Brief:
Every line with "screenshot" in it must be copied from the data.

Input data:
_ _ _ _ _

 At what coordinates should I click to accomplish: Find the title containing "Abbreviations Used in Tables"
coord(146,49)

_ _ _ _ _

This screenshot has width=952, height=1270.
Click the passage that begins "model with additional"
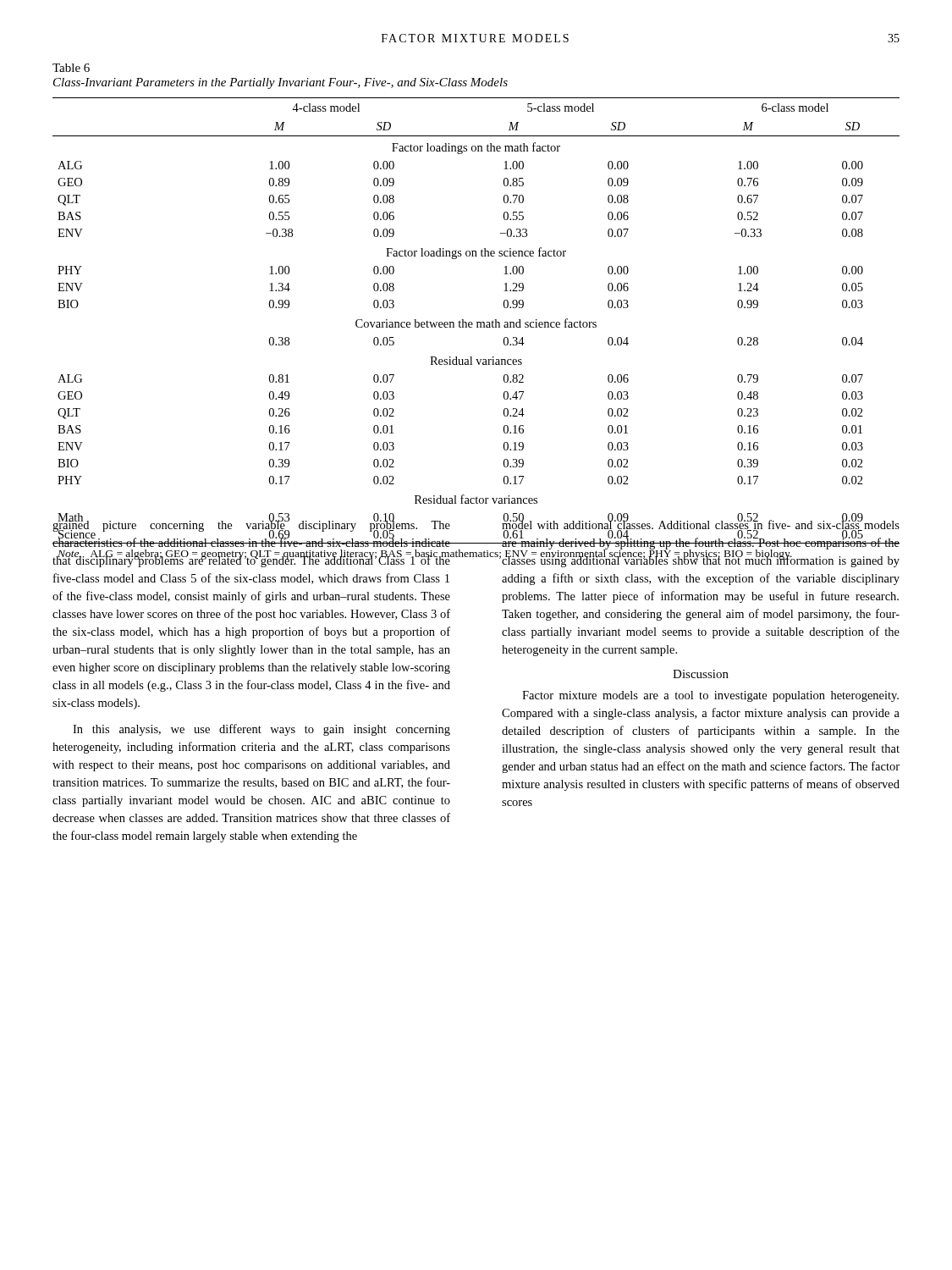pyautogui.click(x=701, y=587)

_ _ _ _ _

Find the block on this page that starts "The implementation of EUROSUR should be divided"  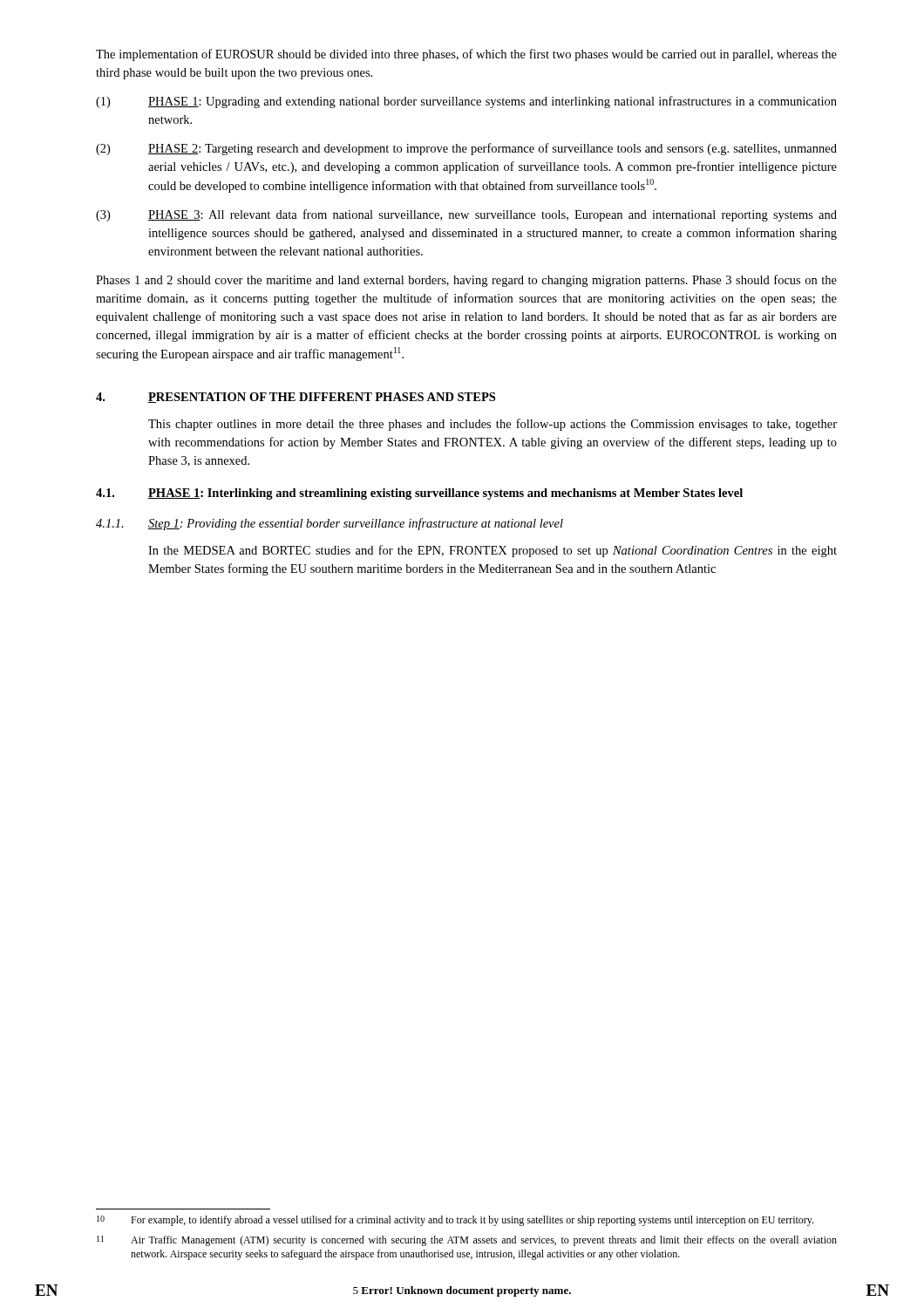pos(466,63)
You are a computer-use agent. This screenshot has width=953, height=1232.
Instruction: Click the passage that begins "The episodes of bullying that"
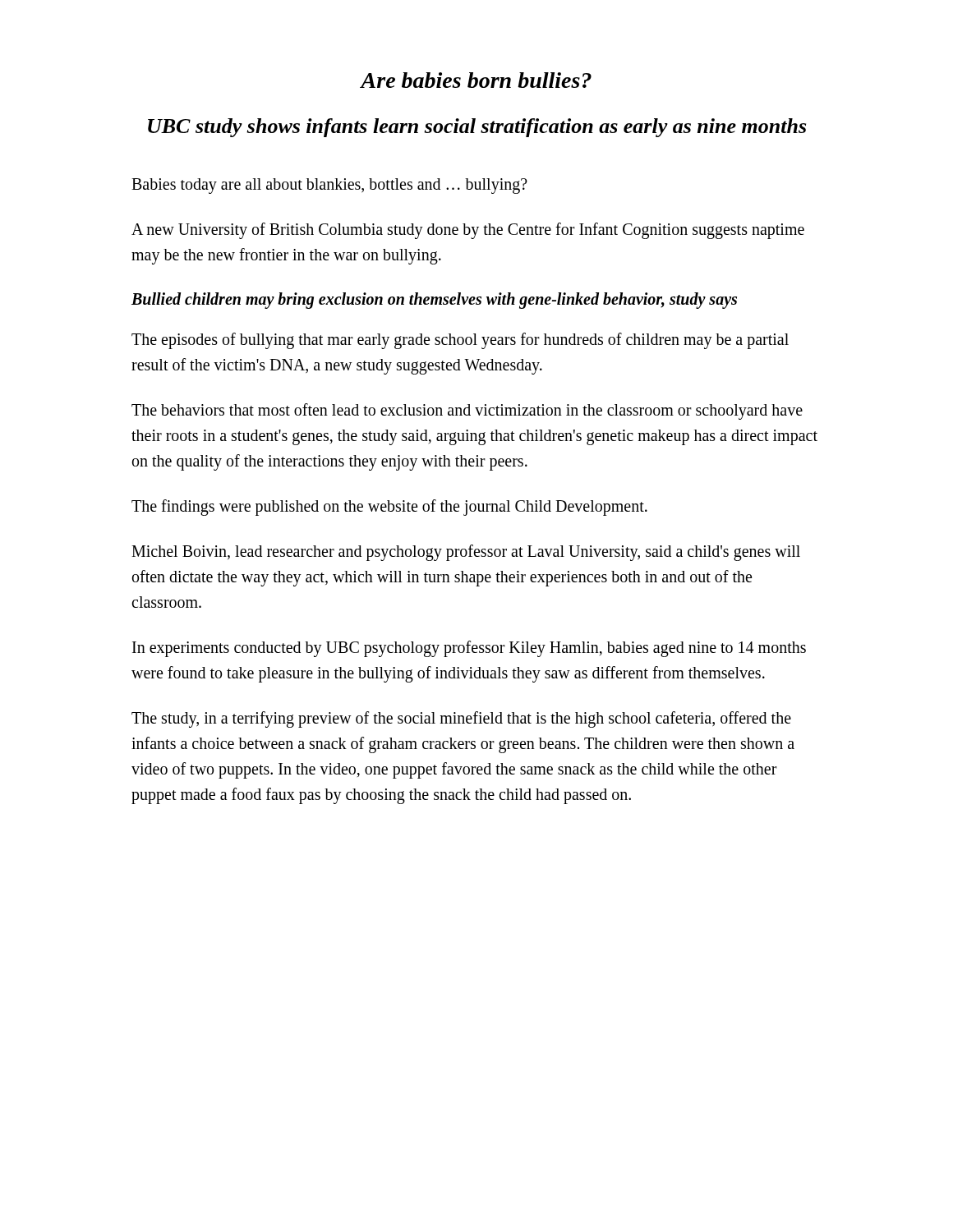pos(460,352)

_ _ _ _ _

Solution below:
This screenshot has width=952, height=1270.
You are a computer-use agent. This screenshot has width=953, height=1232.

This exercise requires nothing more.